Though we don't expect local politicians to be lawyers, we do expect them to know the law that governs their meetings, the Alaska Open Meetings Act. We've found that most, once they understand the law, are eager to do their jobs the right way. We understand that many don't make the time, until it becomes an issue, to see what that law actually says.
That's why each year we provide the simple means for each official to become familiar with the law. It doesn't hurt for the public to understand it, either. Although regular folks rarely spend their dinnertime discussing such things as mill rates and ordinances, that doesn't mean they don't want their business conducted in public.
The state's law is blessedly clear in its intent that the public's business should, indeed, be conducted in public, and that the public servants do not decide what is best for us to know. The law is clear that elected officials are our servants, not our betters.
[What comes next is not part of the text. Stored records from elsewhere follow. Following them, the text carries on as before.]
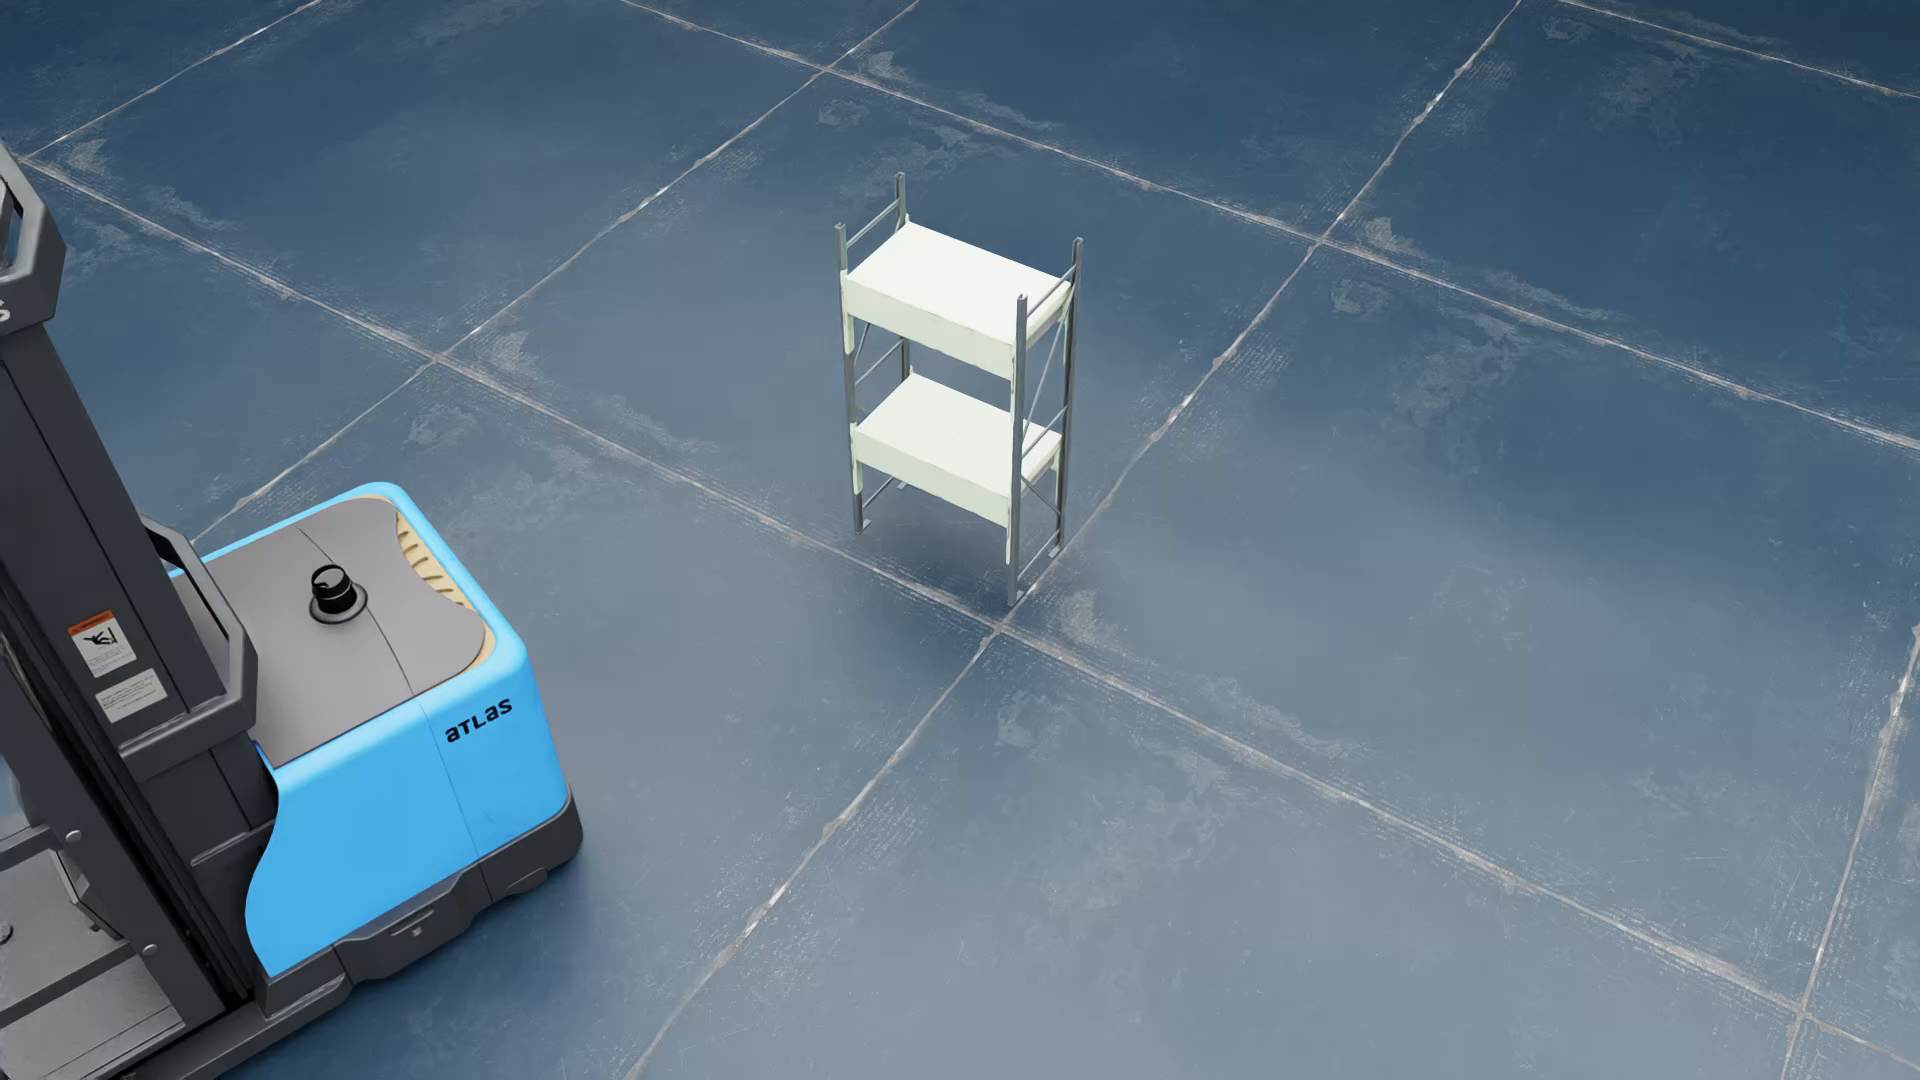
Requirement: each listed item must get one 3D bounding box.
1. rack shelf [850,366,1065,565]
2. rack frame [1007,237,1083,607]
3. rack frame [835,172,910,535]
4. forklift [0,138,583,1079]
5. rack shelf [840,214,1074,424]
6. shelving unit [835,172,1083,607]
[{"bbox_3d":[-0.006,-0.298,6.448,0.720,0.370,0.431,25,51,22],"label":"rack shelf"},{"bbox_3d":[0.302,-0.384,6.077,0.023,1.500,0.400,25,51,22],"label":"rack frame"},{"bbox_3d":[-0.314,-0.667,6.352,0.023,1.500,0.400,25,51,22],"label":"rack frame"},{"bbox_3d":[-2.757,0.432,4.286,3.031,2.935,1.130,-29,53,-25],"label":"forklift"},{"bbox_3d":[-0.006,-0.797,5.935,0.720,0.370,0.431,25,51,22],"label":"rack shelf"},{"bbox_3d":[-0.006,-0.525,6.215,0.755,1.500,0.431,25,51,22],"label":"shelving unit"}]

There are some cases in which closed meetings are allowed. State law allows what it calls "executive sessions" for very specific instances. The provision for such sessions, the statute says, "shall be construed narrowly in order to effectuate the policy (of the presumption of openness) ... and to avoid exemptions from open meeting requirements and unnecessary executive sessions" (AS 44.62.310 (c)). The specific reasons allowed for an executive session are to discuss:
"(1) matters, the immediate knowledge of which would clearly have an adverse effect upon the finances of the public entity;
(2) subjects that tend to prejudice the reputation and character of any person, provided the person may request a public discussion;
(3) matters which by law, municipal charter, or ordinance are required to be confidential;
(4) matters involving consideration of government records that by law are not subject to public disclosure."
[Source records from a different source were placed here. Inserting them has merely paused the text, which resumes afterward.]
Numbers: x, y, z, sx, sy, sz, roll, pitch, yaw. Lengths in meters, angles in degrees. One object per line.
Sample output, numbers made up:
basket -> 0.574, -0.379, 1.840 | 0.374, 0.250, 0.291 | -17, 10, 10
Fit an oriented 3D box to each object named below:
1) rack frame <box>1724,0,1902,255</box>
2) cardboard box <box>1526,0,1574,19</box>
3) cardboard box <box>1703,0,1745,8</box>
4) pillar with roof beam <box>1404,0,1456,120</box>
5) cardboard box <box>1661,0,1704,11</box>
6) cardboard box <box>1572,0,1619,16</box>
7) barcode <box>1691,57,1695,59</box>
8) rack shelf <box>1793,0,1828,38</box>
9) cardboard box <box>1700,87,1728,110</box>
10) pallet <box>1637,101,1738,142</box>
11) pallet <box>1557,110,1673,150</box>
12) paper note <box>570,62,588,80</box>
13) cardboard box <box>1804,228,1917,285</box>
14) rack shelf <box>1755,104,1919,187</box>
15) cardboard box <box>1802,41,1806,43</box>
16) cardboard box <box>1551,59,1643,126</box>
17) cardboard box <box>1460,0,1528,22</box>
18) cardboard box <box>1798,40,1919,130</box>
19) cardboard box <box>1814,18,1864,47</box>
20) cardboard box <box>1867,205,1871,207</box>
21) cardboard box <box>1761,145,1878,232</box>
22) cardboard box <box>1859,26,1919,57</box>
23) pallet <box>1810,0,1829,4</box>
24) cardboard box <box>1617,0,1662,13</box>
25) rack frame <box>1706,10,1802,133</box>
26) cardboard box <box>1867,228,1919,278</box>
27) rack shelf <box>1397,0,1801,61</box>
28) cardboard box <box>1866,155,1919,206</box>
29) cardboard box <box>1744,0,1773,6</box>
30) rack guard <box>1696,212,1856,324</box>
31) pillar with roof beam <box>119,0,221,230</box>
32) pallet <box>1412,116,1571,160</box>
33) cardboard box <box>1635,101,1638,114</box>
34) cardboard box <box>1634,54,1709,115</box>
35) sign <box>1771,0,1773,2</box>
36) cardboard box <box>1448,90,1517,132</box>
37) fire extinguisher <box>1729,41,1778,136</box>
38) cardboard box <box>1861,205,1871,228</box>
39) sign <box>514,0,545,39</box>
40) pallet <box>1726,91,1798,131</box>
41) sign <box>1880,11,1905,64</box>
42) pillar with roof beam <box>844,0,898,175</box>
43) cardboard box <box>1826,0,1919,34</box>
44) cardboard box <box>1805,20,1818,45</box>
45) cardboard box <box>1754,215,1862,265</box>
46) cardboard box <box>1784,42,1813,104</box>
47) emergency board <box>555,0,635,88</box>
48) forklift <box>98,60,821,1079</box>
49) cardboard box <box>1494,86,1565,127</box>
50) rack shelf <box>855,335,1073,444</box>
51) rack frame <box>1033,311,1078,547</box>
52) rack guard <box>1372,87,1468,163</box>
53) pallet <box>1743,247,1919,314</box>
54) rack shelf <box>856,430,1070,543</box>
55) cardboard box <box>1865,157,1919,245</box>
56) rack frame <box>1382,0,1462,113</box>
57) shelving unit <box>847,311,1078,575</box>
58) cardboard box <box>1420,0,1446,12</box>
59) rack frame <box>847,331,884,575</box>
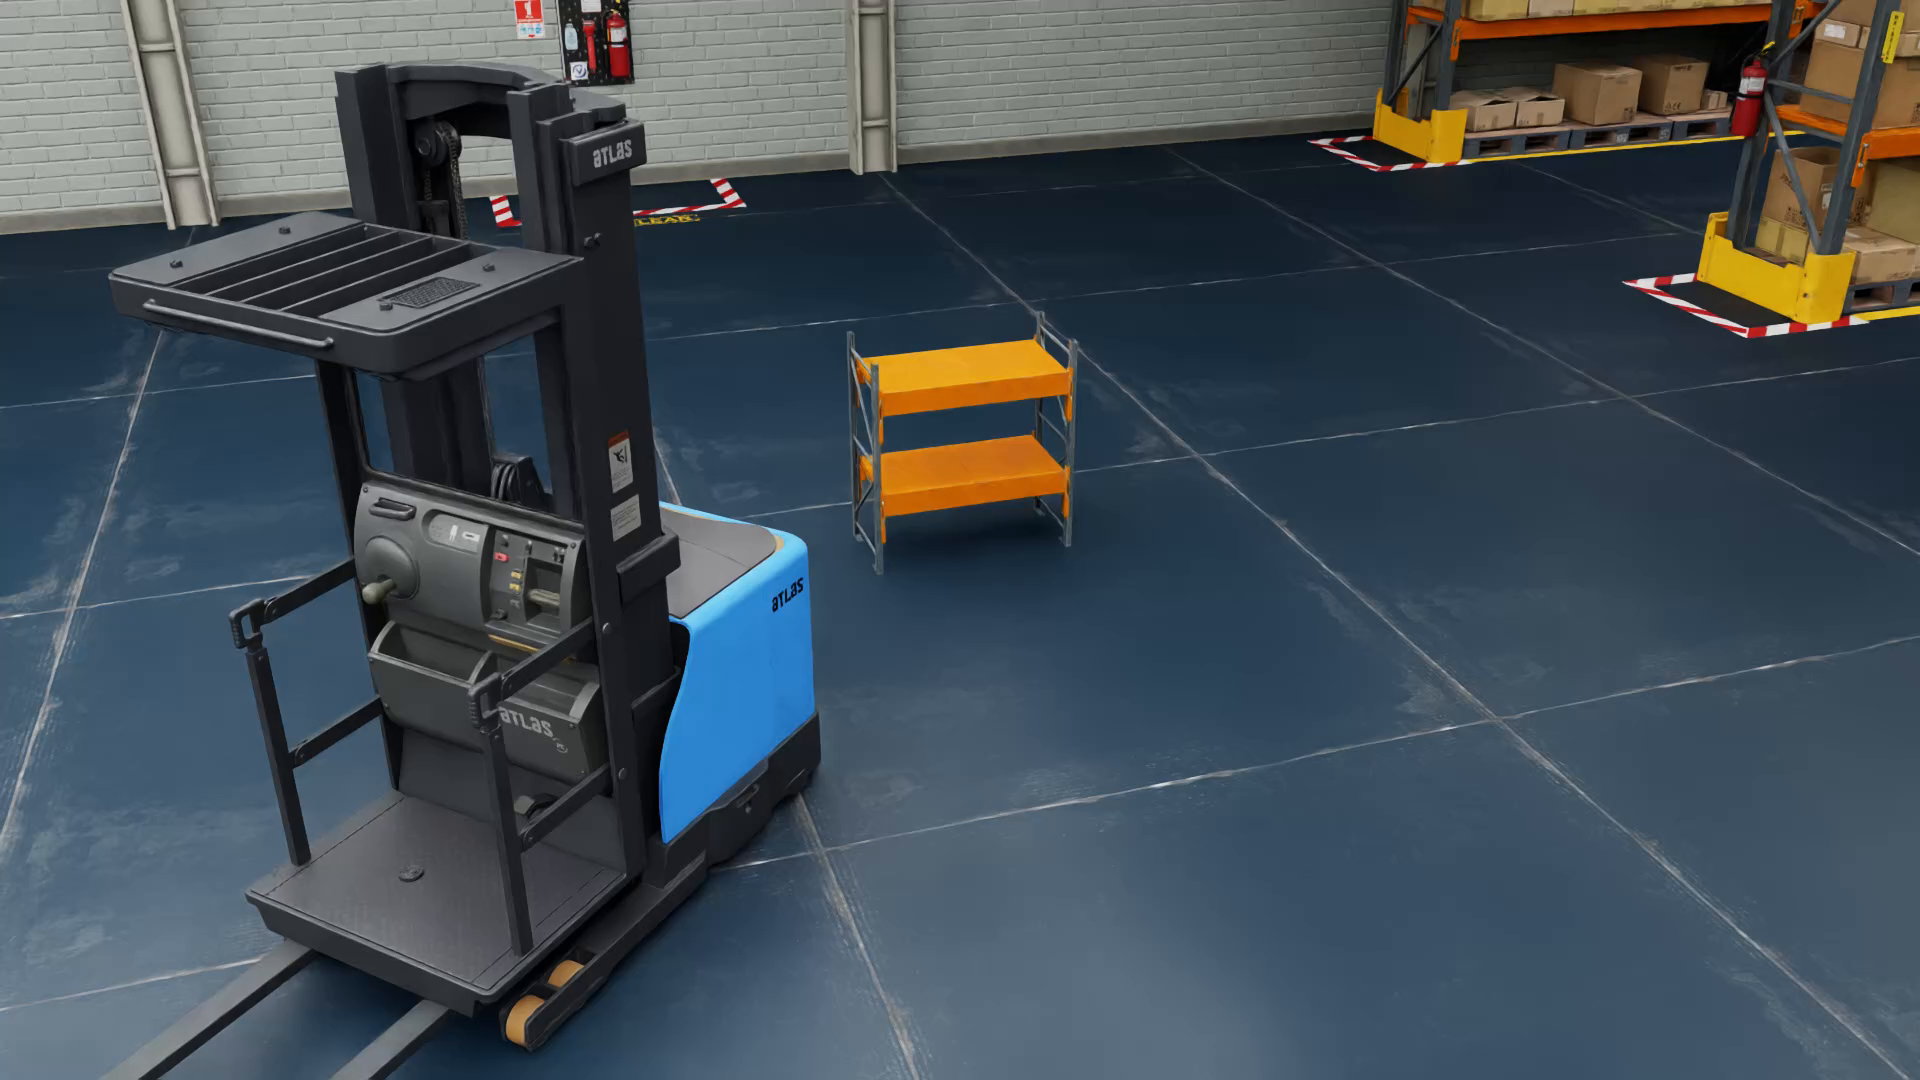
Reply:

Courts have held that the reason must be specified in the motion for an executive session.
For instance, talking about salaries would not qualify under No. 1. Discussing employees generally would not qualify under No. 2, in fact, the specific person to be discussed must be named in the motion, and that person must be informed about the possibility of an executive session to discuss him or her; that person can demand that the discussion not be held in secret.
No action can be taken in an executive session. And courts have held that actions taken to circumvent the law - one-on-one meetings or e-mails to discuss public business secretly, then taking action after little public airing of the issue, are not in keeping with the law.
A reading of the statutes (also easily found online) can guide elected officials; the intent of the law, clearly, is that meetings be open.
We know that because there is a strong statement of legislative intent, a statement of which every official - and every citizen - can be proud. Things that can't be said openly and professionally in the context of the public's business perhaps shouldn't be said. Doing what must be done sometimes is uncomfortable, but those who have run for office already know that; they've laid open their own lives for us to see, and now their work for us must be open, too.
Best of luck to our new and continuing public officials. We've elected you because we trust you; we know you can do the job well - which is partly to say, openly.